**Given records**
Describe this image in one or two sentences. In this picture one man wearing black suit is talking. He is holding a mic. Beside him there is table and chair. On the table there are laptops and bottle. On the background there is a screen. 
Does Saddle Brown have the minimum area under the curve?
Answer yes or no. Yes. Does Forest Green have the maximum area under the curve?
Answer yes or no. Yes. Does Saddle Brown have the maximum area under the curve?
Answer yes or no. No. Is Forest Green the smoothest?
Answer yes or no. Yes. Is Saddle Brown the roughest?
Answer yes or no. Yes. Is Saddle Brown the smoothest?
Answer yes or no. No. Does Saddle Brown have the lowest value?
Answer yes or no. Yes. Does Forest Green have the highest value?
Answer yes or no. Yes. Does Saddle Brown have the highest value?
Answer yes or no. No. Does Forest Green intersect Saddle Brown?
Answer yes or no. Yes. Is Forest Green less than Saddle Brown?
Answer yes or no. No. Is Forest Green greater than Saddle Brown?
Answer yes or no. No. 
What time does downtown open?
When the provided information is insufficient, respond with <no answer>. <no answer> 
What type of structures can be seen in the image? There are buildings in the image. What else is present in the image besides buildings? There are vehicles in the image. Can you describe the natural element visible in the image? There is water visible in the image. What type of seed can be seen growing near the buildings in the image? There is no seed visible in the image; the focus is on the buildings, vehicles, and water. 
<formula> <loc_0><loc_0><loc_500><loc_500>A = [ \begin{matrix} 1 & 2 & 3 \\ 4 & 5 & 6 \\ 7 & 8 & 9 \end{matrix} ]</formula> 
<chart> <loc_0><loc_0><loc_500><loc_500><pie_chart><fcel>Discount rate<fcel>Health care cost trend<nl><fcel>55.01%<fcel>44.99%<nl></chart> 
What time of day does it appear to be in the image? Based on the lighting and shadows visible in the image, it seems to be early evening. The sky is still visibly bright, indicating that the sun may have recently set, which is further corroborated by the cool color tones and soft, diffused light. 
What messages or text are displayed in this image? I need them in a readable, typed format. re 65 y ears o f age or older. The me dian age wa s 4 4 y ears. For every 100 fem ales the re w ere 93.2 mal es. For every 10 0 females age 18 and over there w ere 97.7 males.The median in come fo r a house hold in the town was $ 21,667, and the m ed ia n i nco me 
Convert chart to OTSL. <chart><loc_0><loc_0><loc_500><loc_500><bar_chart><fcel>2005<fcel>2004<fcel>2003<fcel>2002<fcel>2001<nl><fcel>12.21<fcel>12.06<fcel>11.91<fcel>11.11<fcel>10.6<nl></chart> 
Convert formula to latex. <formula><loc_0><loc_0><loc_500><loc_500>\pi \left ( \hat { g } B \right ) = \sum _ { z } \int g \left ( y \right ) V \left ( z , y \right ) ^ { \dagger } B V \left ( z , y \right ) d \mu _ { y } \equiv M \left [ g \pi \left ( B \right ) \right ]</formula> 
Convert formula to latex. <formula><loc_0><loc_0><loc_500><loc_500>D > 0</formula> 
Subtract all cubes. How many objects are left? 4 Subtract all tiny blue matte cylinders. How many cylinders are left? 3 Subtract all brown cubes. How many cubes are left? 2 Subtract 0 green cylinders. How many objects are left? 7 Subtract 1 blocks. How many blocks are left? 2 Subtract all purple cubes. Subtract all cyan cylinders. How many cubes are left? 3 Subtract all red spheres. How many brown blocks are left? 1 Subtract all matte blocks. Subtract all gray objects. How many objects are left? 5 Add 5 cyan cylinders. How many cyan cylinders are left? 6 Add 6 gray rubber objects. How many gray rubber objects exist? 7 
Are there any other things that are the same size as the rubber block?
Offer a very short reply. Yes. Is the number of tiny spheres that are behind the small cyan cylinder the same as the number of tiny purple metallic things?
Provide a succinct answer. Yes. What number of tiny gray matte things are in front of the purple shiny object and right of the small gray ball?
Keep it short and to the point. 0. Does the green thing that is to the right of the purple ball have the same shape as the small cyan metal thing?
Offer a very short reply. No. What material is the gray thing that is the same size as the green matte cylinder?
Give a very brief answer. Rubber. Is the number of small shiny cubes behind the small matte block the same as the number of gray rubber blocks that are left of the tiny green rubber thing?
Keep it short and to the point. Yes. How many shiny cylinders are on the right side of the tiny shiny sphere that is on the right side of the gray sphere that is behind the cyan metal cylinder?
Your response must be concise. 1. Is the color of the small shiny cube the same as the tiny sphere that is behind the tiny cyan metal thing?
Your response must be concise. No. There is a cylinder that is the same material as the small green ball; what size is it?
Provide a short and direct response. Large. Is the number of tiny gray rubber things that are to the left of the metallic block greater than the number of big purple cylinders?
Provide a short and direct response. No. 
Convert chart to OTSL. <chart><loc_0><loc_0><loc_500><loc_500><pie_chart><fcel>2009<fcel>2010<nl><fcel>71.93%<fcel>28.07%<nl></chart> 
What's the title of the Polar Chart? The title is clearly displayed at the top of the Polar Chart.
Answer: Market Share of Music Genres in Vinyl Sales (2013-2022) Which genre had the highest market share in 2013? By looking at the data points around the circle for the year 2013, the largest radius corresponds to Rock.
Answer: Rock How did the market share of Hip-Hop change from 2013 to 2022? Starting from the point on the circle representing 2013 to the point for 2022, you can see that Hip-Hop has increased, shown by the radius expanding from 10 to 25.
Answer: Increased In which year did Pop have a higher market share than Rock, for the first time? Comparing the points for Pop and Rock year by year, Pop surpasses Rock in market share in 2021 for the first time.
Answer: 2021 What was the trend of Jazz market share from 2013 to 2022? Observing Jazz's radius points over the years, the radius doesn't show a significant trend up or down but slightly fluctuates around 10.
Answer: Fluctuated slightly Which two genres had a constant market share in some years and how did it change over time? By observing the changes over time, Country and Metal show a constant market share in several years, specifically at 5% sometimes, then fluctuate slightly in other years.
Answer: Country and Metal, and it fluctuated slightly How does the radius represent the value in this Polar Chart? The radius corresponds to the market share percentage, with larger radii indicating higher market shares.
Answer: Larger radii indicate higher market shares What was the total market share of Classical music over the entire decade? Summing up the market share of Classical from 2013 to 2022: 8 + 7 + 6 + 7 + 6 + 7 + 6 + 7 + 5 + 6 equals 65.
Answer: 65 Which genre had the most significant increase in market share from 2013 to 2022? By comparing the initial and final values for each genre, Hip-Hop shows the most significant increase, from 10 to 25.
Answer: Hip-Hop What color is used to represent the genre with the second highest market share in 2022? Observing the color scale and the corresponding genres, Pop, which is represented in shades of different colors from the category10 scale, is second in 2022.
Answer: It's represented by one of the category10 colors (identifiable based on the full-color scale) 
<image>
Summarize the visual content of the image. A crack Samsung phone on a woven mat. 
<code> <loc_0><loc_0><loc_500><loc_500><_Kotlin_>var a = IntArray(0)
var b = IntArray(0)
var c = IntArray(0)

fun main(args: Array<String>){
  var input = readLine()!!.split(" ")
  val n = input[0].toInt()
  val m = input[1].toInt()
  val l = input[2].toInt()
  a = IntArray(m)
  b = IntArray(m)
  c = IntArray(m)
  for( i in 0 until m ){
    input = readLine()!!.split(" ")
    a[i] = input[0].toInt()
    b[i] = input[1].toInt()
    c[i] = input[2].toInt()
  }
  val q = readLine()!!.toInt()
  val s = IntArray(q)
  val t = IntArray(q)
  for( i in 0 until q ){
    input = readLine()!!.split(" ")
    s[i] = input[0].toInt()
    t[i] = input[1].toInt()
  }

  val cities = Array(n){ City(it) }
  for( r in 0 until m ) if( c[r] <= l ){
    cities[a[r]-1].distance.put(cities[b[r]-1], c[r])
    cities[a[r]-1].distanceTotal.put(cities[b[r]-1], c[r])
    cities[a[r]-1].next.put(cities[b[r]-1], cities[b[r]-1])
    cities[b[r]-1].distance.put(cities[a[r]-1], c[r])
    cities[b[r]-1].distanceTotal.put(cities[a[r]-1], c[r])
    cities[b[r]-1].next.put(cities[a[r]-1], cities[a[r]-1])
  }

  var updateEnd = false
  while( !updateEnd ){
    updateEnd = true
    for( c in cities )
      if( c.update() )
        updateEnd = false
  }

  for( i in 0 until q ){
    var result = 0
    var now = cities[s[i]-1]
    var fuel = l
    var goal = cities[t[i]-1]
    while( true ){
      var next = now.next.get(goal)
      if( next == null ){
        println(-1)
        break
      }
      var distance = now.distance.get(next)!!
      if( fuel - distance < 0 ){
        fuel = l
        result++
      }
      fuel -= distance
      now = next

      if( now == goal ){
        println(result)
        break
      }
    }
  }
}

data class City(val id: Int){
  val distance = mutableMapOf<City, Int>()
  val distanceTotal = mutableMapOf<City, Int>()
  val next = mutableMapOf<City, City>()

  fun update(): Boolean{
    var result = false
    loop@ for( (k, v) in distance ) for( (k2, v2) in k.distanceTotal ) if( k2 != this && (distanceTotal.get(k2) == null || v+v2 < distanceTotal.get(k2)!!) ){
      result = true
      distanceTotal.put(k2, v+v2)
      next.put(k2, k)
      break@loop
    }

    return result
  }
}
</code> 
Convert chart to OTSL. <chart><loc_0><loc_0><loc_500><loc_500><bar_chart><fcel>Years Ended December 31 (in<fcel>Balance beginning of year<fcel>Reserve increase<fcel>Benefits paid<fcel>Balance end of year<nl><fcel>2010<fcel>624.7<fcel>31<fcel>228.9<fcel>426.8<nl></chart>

**Work required**
Write out only those lines that fall between the one containing "if( now == goal" and the end of the entries, the first and last included, exactly as they read.

**Answer below**
      if( now == goal ){
        println(result)
        break
      }
    }
  }
}

data class City(val id: Int){
  val distance = mutableMapOf<City, Int>()
  val distanceTotal = mutableMapOf<City, Int>()
  val next = mutableMapOf<City, City>()

  fun update(): Boolean{
    var result = false
    loop@ for( (k, v) in distance ) for( (k2, v2) in k.distanceTotal ) if( k2 != this && (distanceTotal.get(k2) == null || v+v2 < distanceTotal.get(k2)!!) ){
      result = true
      distanceTotal.put(k2, v+v2)
      next.put(k2, k)
      break@loop
    }

    return result
  }
}
</code> 
Convert chart to OTSL. <chart><loc_0><loc_0><loc_500><loc_500><bar_chart><fcel>Years Ended December 31 (in<fcel>Balance beginning of year<fcel>Reserve increase<fcel>Benefits paid<fcel>Balance end of year<nl><fcel>2010<fcel>624.7<fcel>31<fcel>228.9<fcel>426.8<nl></chart>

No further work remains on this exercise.